Graeme Ferguson, a Canadian documentary filmmaker who helped create Imax, the panoramic cinematic experience that immerses audiences in movies, and who was the company’s primary creative force for years, died on May 8th at his home in Lake of Bays, Ontario. He was 91.
His son Munro Ferguson said the cause was cancer.
In the 1960s, Mr. Ferguson made a name for himself as a young cameraman known for his Cinéma Vérité-style work and was asked to make a documentary about the Arctic and Antarctic for Expo 67, a world exhibition in Montreal. He traveled for a year to make the film, which included footage of Inuit life and the aurora borealis.
The documentary “Polar Life” was shown with an immersive theater configuration: the audience sat on a rotating turntable while the film was played on a panorama of 11 fixed screens. The experience was a hit. Another film at Expo 67 that similarly used multiple canvases, “In the Labyrinth”, was directed by Roman Kroitor, Mr. Ferguson’s brother-in-law. Soon the two men had a vision.
“We were wondering if it would not be better to have a single large format projector or to have one that fills a large screen?” Mr. Ferguson told Take One, a Canadian film magazine, in 1997. “The next step, of course, was to have a large film format, larger than anything that has ever been done before.”
“We said, ‘let’s invent this new medium,'” he continued.
But despite Imax’s formidable technology, Mr. Ferguson struggled for decades to get investors to realize his vision. In a history of innovation, setbacks and adversity, his company almost went under several times, and it took Imax years to achieve the cinematic marvel it is today.

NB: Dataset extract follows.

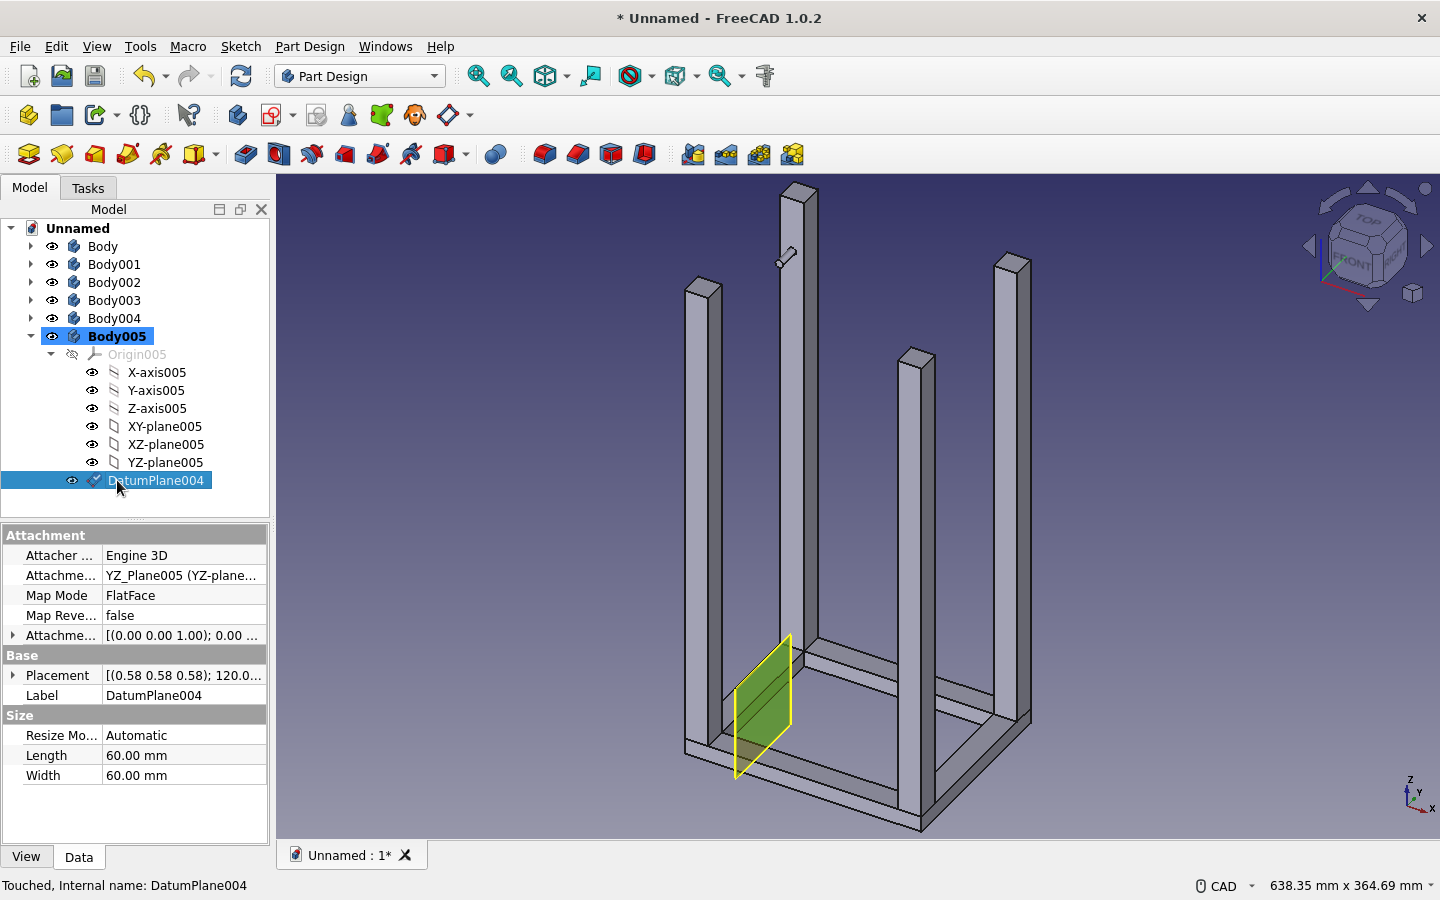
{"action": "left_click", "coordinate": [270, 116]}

“People kept telling us that nobody would sit still for 90 minutes and watch an Imax movie,” Ferguson told Take One. “We have been told endlessly.”
Mr. Ferguson had already asked Robert Kerr, a high school friend who had become a successful businessman, to become their partner, and his next move was to hire William Shaw, a high school buddy who had become an engineer to help design Imax technology. They soon developed prototypes for the camera and large format projector that were needed for filming and showing Imax films.
The group was eager to showcase their technology at the 1970 Osaka Expo, so they did an overture at Fuji Bank for funding. They showed the delegates of the Japanese bank their Imax offices in New York and Montreal with hard-working employees. Impressed by what they saw, Fuji Bank agreed to the project.
What the delegates did not know was that the New York office they saw was Mr Ferguson’s freelance studio and the Montreal headquarters they were visiting was production space that Mr Kroitor had rented a few days earlier.
The first Imax film, “Tiger Child”, premiered shortly afterwards at Expo 70 in Osaka. Though successful, the company continued to struggle with funding.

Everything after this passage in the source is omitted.